Work instruction.
Return only those lines of the listing in which "Drums" appears.

Supplied records.
Segment Open

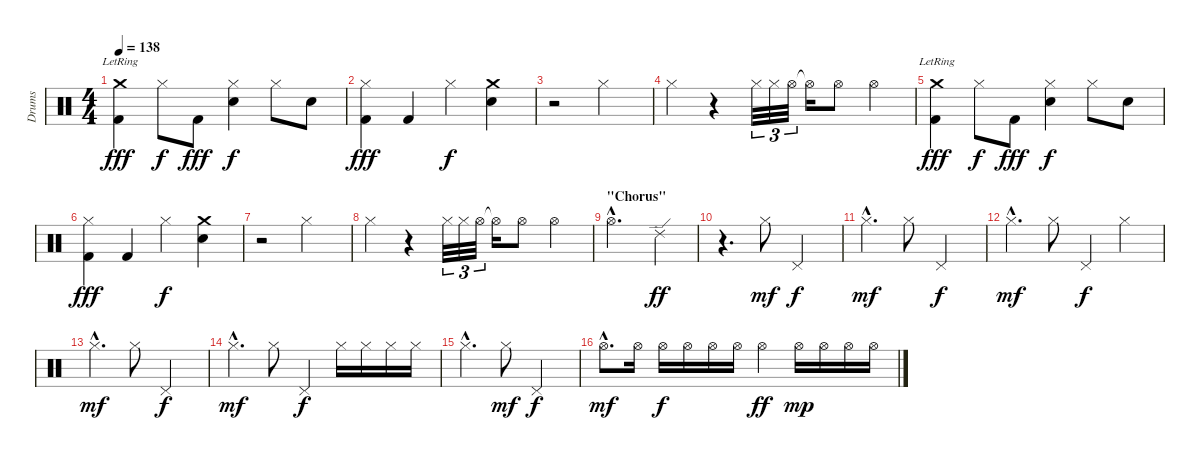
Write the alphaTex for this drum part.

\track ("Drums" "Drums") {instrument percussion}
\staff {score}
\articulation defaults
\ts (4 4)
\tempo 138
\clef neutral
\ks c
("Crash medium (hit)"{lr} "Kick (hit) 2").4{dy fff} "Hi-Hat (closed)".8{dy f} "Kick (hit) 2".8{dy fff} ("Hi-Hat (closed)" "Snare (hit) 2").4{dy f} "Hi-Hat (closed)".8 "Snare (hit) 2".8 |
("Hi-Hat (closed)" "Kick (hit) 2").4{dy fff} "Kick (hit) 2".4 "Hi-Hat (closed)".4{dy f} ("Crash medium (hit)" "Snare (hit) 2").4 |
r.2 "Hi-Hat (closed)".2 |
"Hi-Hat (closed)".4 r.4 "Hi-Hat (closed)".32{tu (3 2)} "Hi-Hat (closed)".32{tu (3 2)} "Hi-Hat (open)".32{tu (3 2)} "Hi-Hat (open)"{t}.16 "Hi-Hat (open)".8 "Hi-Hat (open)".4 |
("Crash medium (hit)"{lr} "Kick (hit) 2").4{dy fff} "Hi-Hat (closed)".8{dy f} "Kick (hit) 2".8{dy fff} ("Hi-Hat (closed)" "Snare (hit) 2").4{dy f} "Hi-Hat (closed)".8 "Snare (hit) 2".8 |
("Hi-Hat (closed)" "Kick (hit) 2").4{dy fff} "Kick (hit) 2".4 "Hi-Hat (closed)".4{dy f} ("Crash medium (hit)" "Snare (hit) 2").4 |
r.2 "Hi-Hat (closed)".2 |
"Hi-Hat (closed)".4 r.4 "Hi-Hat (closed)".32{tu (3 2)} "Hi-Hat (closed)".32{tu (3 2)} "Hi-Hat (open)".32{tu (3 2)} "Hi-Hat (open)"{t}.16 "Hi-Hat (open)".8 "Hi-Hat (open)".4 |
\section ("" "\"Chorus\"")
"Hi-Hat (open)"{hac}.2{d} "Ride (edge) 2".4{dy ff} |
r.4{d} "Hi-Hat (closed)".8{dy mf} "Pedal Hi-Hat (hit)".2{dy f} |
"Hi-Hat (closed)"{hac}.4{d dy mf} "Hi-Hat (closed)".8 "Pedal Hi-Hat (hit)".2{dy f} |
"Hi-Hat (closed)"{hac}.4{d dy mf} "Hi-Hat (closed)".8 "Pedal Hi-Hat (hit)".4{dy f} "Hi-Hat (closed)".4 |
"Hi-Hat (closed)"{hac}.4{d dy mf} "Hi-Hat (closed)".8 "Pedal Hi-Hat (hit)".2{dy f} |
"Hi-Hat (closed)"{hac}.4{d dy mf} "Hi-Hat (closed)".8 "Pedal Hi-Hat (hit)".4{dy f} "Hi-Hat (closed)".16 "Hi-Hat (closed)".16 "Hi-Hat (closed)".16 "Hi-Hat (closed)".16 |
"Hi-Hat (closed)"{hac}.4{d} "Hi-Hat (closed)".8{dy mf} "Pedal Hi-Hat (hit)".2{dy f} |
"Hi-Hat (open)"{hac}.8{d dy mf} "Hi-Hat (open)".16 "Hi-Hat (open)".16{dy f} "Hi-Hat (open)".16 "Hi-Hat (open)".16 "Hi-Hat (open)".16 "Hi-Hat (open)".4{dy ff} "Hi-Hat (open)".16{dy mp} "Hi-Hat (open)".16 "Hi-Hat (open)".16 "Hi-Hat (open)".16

Segment Closed
Segment Open

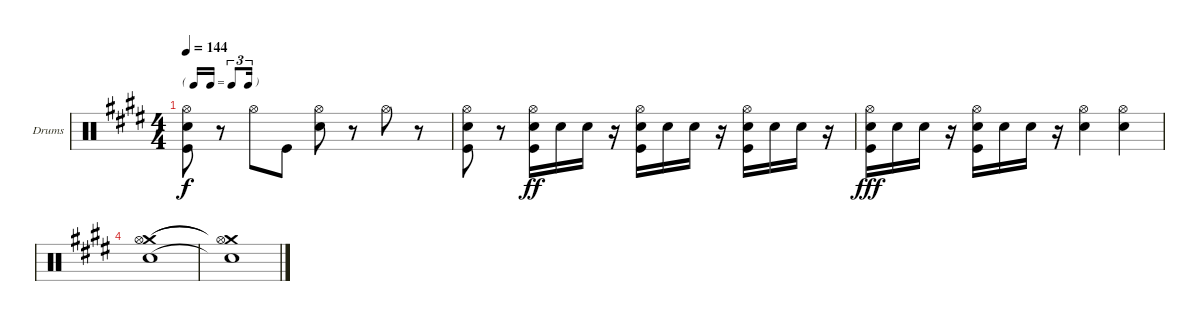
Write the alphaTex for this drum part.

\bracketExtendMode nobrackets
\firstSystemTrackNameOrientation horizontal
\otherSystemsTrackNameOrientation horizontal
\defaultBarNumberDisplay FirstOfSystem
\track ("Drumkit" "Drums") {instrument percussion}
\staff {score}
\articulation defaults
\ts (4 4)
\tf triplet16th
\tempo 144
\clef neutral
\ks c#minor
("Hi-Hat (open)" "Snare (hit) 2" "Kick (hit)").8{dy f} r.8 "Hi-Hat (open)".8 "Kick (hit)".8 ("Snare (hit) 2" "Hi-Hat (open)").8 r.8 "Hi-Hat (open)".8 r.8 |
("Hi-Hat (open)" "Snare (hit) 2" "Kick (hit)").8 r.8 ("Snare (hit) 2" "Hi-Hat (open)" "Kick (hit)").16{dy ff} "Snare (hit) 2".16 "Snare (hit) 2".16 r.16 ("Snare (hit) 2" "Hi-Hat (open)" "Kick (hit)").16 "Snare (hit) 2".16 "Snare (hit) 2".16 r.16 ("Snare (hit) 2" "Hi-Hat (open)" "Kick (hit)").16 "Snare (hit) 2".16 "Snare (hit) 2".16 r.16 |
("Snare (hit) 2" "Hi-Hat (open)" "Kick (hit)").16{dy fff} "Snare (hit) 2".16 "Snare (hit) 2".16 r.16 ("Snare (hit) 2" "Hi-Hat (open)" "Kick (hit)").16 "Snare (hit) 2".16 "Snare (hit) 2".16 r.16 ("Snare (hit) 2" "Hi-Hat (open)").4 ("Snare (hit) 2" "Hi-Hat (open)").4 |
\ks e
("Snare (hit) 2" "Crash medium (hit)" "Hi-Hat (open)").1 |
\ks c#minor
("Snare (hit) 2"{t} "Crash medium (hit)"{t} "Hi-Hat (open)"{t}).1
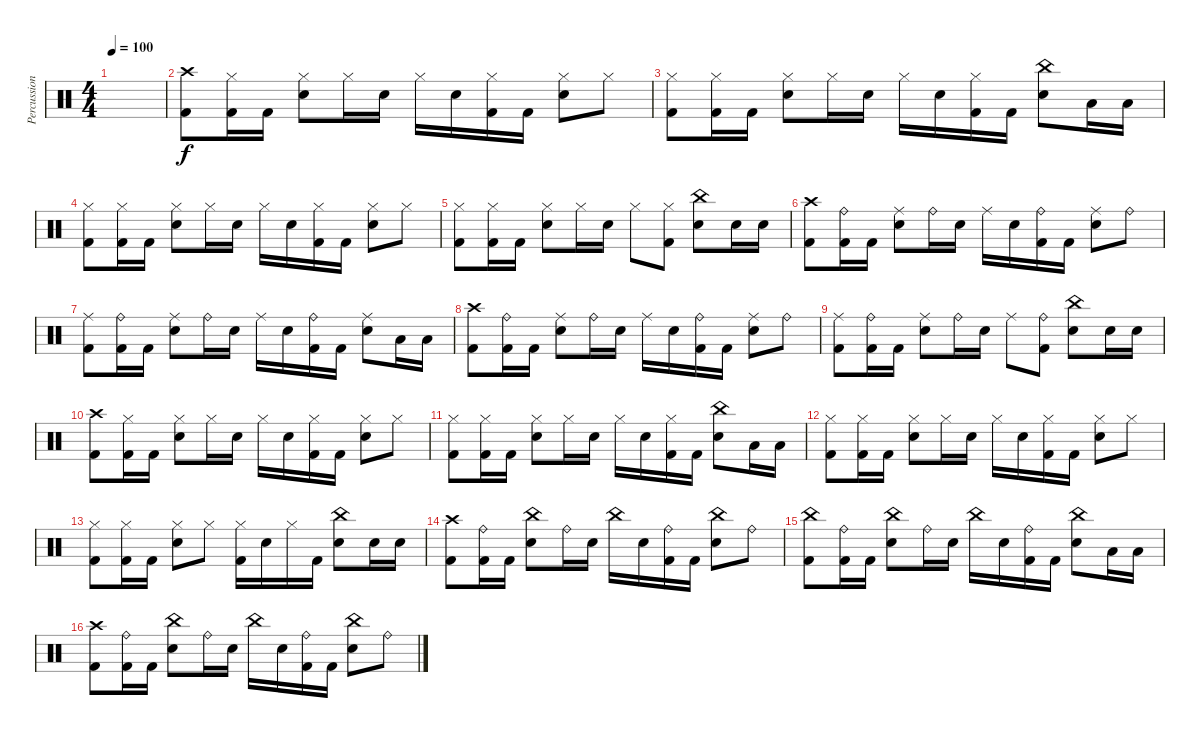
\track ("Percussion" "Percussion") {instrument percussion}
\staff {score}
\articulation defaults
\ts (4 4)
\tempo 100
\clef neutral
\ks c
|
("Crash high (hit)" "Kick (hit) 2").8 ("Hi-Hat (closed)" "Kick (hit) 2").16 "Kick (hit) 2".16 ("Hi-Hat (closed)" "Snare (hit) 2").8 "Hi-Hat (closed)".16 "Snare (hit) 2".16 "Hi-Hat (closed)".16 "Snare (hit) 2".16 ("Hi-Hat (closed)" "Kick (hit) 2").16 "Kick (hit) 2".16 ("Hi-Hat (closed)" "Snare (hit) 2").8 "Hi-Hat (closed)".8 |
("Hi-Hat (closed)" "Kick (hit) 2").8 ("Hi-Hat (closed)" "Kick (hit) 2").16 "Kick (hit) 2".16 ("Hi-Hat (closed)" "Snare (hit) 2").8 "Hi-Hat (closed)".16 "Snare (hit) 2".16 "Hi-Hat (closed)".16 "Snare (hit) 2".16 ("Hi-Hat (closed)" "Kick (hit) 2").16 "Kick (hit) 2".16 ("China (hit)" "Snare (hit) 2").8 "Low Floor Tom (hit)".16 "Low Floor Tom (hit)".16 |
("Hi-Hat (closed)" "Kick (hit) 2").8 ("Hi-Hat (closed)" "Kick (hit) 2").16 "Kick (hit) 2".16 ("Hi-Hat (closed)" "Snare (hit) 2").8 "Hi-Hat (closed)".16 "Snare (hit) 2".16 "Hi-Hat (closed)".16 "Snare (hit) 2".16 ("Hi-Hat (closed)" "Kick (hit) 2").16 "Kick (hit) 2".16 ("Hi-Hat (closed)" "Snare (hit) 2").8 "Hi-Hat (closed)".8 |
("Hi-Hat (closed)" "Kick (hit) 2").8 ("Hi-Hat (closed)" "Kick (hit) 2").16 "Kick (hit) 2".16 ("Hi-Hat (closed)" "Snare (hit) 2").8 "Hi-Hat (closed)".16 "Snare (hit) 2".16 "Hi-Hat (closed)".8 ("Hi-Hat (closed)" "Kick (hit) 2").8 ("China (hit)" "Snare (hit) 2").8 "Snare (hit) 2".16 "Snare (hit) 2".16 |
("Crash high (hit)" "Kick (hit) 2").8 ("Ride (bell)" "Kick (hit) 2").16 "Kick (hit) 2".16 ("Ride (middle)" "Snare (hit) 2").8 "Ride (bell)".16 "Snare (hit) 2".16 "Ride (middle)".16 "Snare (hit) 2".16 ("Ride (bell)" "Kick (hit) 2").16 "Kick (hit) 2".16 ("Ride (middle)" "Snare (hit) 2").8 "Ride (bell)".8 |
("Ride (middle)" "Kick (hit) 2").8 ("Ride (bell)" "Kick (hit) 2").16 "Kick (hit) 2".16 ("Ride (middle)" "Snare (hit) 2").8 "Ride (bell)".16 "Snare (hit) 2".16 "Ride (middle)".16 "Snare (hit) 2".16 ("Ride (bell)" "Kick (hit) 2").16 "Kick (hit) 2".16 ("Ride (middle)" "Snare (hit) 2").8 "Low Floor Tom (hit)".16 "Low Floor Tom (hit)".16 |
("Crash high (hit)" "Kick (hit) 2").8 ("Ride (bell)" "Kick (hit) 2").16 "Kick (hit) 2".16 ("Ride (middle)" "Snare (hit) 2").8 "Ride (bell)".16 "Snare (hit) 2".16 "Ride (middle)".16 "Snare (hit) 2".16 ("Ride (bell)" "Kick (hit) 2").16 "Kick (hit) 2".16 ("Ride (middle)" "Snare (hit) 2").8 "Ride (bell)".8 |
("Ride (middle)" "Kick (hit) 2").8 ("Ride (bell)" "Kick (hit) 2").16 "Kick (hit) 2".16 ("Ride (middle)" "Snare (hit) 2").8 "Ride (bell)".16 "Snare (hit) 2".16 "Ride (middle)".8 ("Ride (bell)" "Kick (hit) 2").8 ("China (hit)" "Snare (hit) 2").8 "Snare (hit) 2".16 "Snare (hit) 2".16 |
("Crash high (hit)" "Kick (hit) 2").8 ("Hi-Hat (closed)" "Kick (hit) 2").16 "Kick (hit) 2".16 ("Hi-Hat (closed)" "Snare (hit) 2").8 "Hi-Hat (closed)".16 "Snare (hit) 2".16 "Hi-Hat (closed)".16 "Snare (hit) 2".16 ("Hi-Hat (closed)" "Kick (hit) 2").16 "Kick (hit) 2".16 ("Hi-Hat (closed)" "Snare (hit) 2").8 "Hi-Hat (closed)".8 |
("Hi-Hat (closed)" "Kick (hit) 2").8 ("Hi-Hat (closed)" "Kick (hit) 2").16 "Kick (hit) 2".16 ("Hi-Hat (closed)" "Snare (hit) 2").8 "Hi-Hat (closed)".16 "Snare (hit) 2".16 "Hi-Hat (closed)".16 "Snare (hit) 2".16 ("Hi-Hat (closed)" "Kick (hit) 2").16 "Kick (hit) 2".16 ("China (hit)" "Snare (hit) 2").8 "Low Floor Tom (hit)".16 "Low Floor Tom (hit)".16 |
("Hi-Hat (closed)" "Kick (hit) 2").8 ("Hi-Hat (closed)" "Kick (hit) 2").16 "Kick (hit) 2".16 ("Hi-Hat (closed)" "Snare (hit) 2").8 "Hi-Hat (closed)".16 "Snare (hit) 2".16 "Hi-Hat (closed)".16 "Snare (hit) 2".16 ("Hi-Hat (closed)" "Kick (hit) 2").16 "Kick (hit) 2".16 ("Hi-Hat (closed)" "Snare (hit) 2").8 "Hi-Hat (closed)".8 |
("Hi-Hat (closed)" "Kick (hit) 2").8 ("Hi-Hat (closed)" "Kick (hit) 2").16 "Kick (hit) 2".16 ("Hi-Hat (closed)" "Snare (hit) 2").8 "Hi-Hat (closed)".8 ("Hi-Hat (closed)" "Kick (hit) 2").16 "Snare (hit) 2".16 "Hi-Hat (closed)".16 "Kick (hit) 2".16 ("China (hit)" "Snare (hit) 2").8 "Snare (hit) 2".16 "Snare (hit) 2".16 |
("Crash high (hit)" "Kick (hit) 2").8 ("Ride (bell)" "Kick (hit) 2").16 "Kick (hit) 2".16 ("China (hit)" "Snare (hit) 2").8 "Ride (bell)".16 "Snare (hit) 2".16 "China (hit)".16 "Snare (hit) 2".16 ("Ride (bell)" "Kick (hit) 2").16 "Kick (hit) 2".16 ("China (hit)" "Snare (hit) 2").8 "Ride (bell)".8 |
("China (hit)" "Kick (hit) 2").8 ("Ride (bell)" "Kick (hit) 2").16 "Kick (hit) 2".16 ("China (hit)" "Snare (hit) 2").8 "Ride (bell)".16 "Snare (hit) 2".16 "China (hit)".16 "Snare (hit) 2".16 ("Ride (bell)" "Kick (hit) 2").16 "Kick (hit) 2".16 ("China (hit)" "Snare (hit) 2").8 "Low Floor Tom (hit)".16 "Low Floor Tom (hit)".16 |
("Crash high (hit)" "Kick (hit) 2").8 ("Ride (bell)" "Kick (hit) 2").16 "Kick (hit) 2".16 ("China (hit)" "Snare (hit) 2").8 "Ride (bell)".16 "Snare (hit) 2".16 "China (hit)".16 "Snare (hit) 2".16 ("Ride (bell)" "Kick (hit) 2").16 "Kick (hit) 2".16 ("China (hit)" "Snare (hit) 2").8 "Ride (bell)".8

Segment Closed

Answer section.
\track ("Drums" "Drums") {instrument percussion}
\track ("Drumkit" "Drums") {instrument percussion}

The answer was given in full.